Mehr als eine Geschichtsstunde
Schwester Simones Kathedralführungen sind auf Kinder zugeschnitten
Dresden - Das Interesse von Schülern an Führungen mit Missions-Benediktinerinnen- Schwester Simone Berger in der Dresdner Kathedrale wächst.
Freitagvormittag in der Hofkirche. Schwester Simone steht in ihrer grau-weißen Tracht vor einer Skulptur aus weißem Marmor und fragt die Kinder um sie herum: "Wie heißt dieser Mann, der Jesus getauft hat?" Vier Finger strecken sich empor. "Petrus", antwortet ein Junge etwas unsicher. "Nein, Johannes war das", korrigiert sie ihn mit einem freundlichen Lächeln. Dann fragt sie weiter: "Was gehört zu einer Taufe?" Öl, Taufbuch, Wasser, zählen die Kinder auf. Schwester Simone deutet ganz nach oben, dort ist eine Taube dargestellt. "Der Heilige Geist", sagt sie, "gehört auch dazu."
Immerhin, bei dieser Kirchenführung kann sie auf eine Menge Vorwissen bauen. Die 20 Schüler aus den Klassen eins bis vier der Grundschule in Bannewitz bei Dresden, die mit ihrer Lehrerin Christine Wagner gekommen sind, besuchen den katholischen Religionsunterricht. Das ist die Ausnahme. Die meisten Kinder kommen zu Projekttagen hierher, etwa zum Geschichtsunterricht. "Da sind dann vielleicht ein oder zwei katholisch, einige wenige evangelisch, die meisten aber keine Christen", erzählt Schwester Simone Berger.
Meist steht die Geschichte der Wettiner im Vordergrund, die hier in der Gruft bestattet sind. "Meine Kirchenführung ist aber nicht nur eine bloße Geschichtsstunde." Schwester Simone will mehr vermitteln als Fakten zu Baustil und Historie. "Ich stelle die Kirche als Raum vor, in dem sich die Gemeinde versammelt, in den Menschen mit einem bestimmten Anliegen kommen, eine Kerze anzünden, beten, Ruhe suchen." 159 Mal hat sie vergangenes Jahr Gruppen durch die Kathedrale geführt.

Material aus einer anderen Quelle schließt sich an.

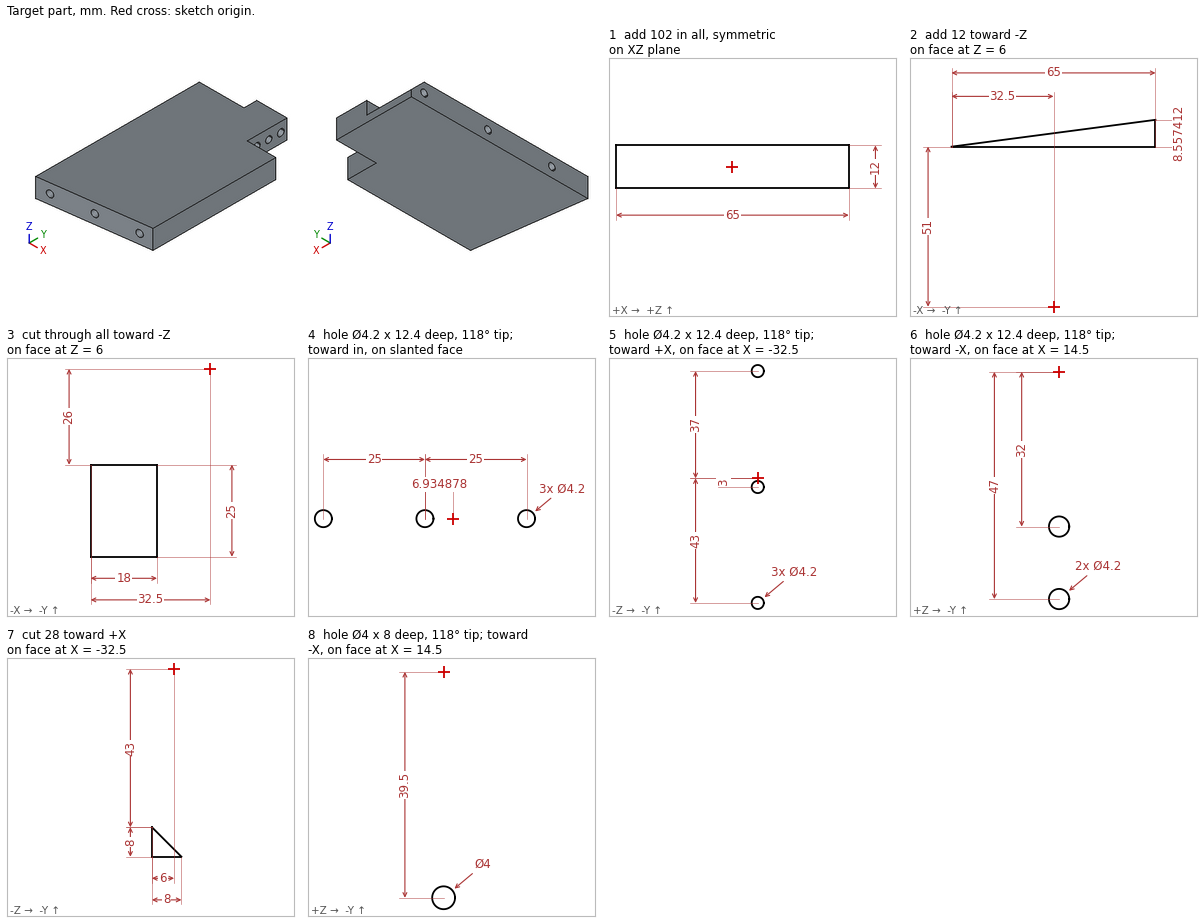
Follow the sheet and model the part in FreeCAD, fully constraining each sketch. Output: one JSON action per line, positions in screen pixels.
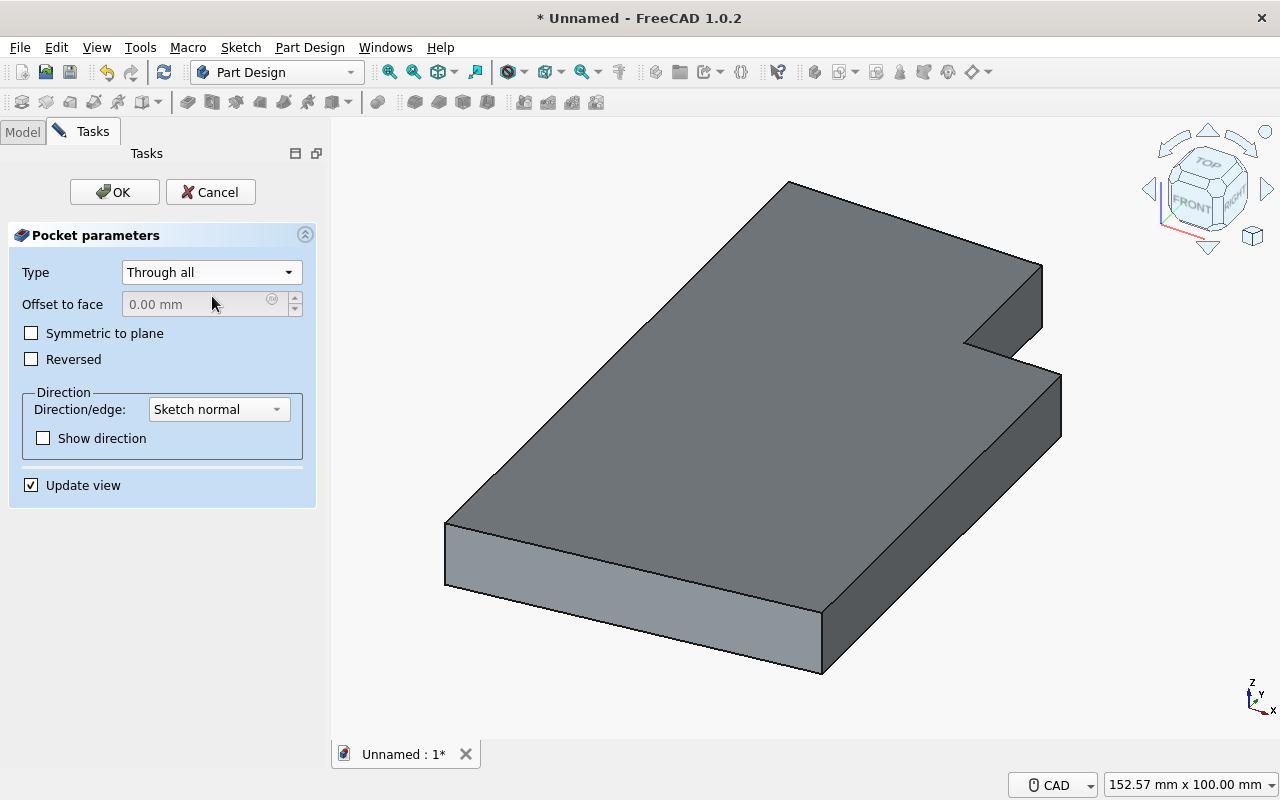
{"action": "left_click", "coordinate": [115, 192]}

Etwa ein Drittel davon aus Kindergärten oder Schulen. "Das sind deutlich mehr als am Anfang." Im Jahr 2000 hat sie mit den Führungen begonnen.
Die 47-Jährige mit dem bayerischen Akzent gehört seit nunmehr 25 Jahren den Missions-Benediktinerinnen von Tutzing an. 1992 ist sie nach Dresden gegangen, wo sich die Emmaus-Gemeinschaft der Schwestern gründete. Seit 1999 berät sie Menschen in der Kontaktstelle "Offene Tür in der City". Bei ihren Führungen spult Schwester Simone keinen vorbereiteten Text ab, sondern führt einen Dialog, stellt häufig Fragen. "So spüre ich am besten, ob sie mitgehen, ob sie sich alles vorstellen können." Bei Kindern oder jungen Leuten, die zum ersten Mal in einer Kirche sind, fragt sie erst einmal, wie dieser Raum auf sie wirkt. Und sie bedient sich einer einfachen, anschaulichen Sprache, die an die Erfahrungen der Besucher anknüpft. Theologische Begriffe erklärt sie, indem sie sie umschreibt. Jüngere, so ihre Erfahrung, sind gesprächiger, Jugendliche dagegen geben sich eher zurückhaltend. Am Ende der Führung fragt Religionslehrerin Christine Wagner in die Runde, wer zum ersten Mal in dieser Kirche war. Neun Hände gehen hoch. "Und hat es euch gefallen?" Aus 20 Mündern tönt ein langgezogenes "Ja!"